La experiencia me dejo con cara de cordero degollado por varias semanas, y me las arreglé para volver pronto a Nueva York, dónde volví a ver a Bill y salimos a comer antes de pasar otra noche en mi hotel. Se desarrolló una relación sin compromisos a la distancia, y poco a poco los viajes se hicieron más frecuentes.
Llegamos a caminar tomados de la mano por el East Village, yo suficientemente borracho como para no mortificarme demasiado, y contando con que en el EV de esa èpoco era muy difìcil que alguien me fuera a reconocer.
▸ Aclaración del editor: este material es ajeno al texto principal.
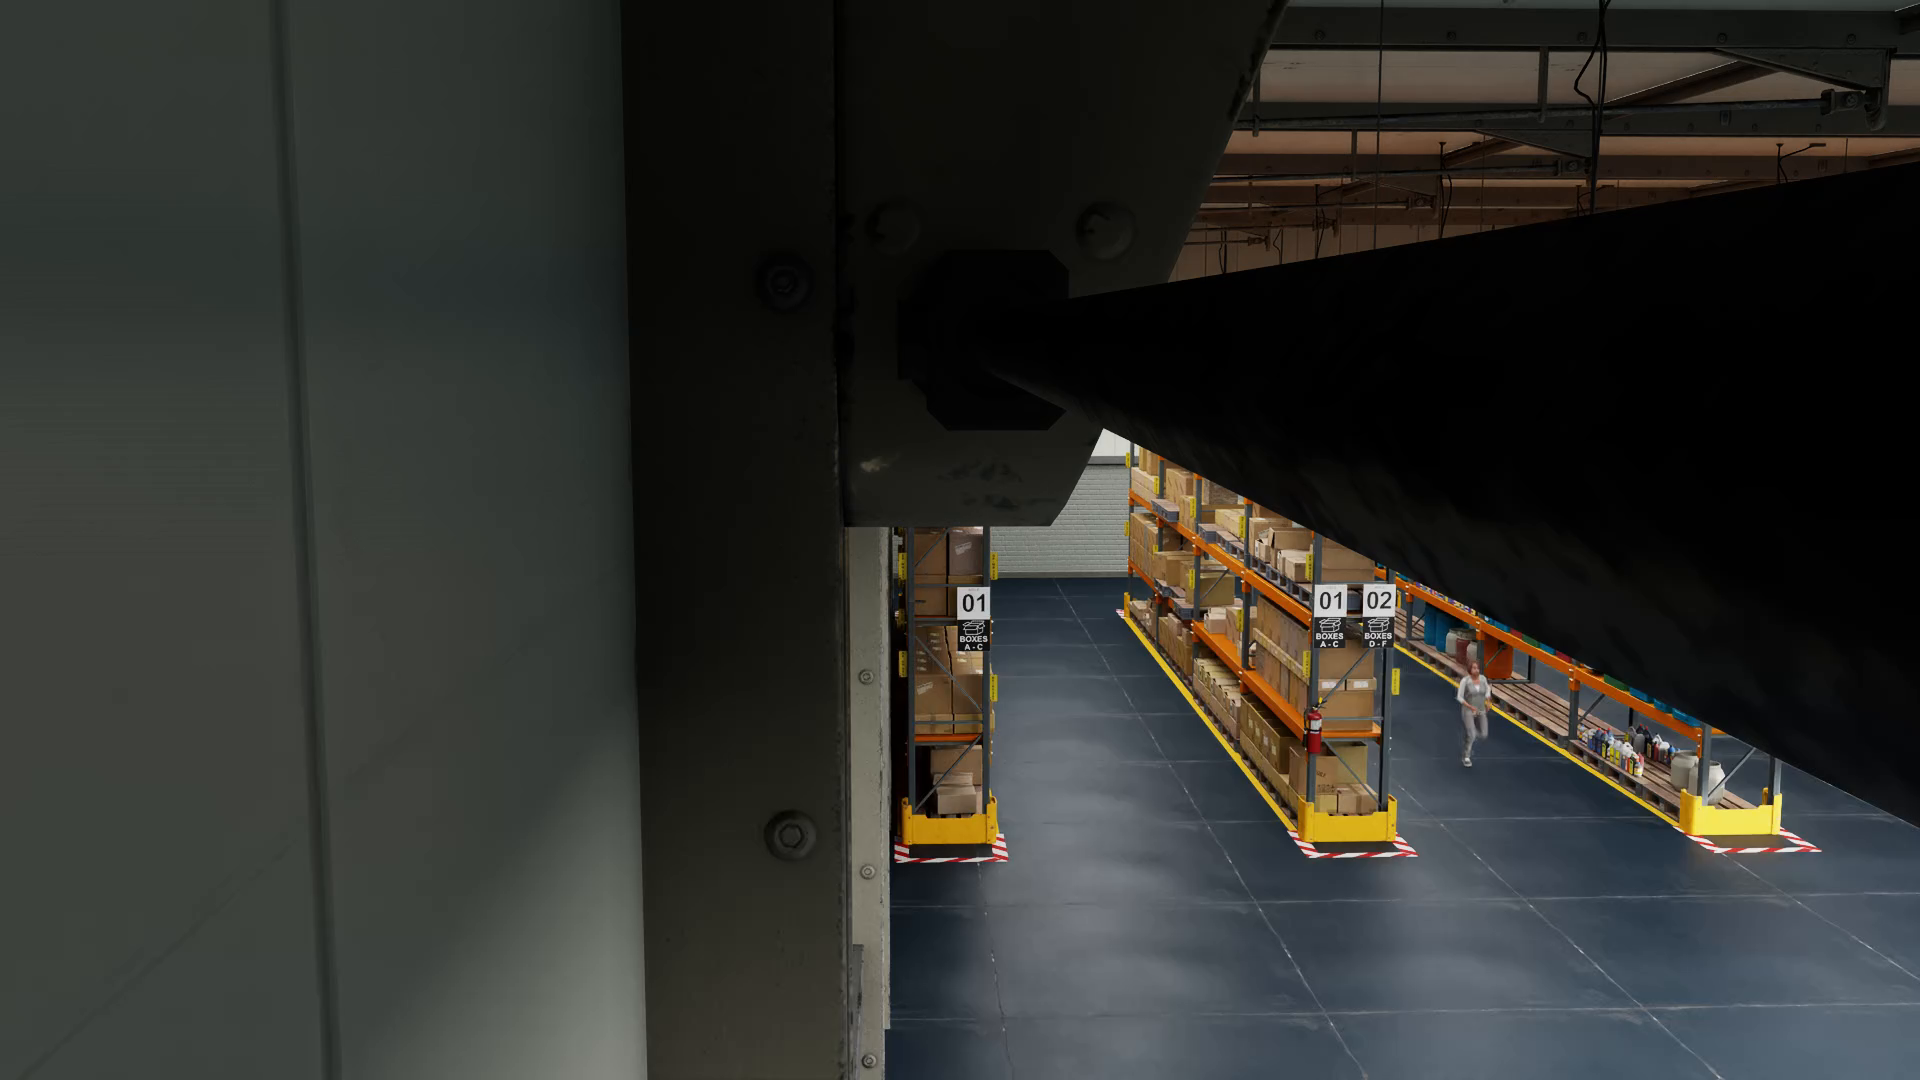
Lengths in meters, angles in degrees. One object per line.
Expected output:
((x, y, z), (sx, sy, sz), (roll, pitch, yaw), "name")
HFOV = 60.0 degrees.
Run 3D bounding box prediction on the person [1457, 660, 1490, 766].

Fue maravilloso. No se por qué se diluyó esa relación y en algùn momento dejamos de vernos seguido. Sin explicaciones, total, no había compromiso. Hasta que un día empezamos a considerarnos solamente amigos. Buenos amigos a la distancia. Hoy ya le perdí la pista, a él y a sus tormentosos novios, varios de los cuales conocí.
El lugar que me trajo los recuerdos es dónde Bill se sacó los anteojos, un punto de Manhattan por el que paso a diario y recién me doy cuenta que es el mismo lugar donde partió esa relación sin destino.
A partir de ese día empecé a reconocer muchos lugares de ese sector donde viví las primeras y culposas aventuras en que exploraba cautamente le mundo gay bajo el auspicio de la gran manzana. Como el barcito ese que estaba a media altura y habìa que subir unos escalones en una casa blana que hay en la calle 52. Alguna vez estuve ahí conversando con un tipo lindìsimo, pero que al rato me empezó a pedir plata para comer, porque llevaba dos días sin comer por razones que no me pudo explicar. Drogas, que se yo. Lindísimo, tentador. Se me ofreció por un plato de comida, room service... Me asusté, y salí del bar, seguido por el personaje. Me siguió rogando que le comprara comida, que se iba conmigo al hotel. Le dije que no, con mucho susto, con el corazòn saliéndome por la boca. Y mi lado lujurioso se imaginaba las posibilidades con ese cuerpazo hermoso que me seguía insistiendo. Caminaba por la Tercera Avenida cuando a media cuadra veo acercarse hacia mi a un grupo de ejecutivos chilenos que yo conocía y que me conocían bien. Casi me da un paro cardíaco. Aqui voy por la calle acosado por un adonis drogadicto, mentiroso, posiblemente se financiaba el vicio con ventas privadas de sexo..., y veo acercarse a todos estos personajes del establishment chilensis. Apuré el paso todo lo que pude, dejando al personaje varios pasos mas atrás cuando me crucé con el lote. Ni los miré, me escapé del hustler lo mas rápido posible y me fui al hotel.
El local del bar ese esta disponible para arriendo... ¿Algún interesado?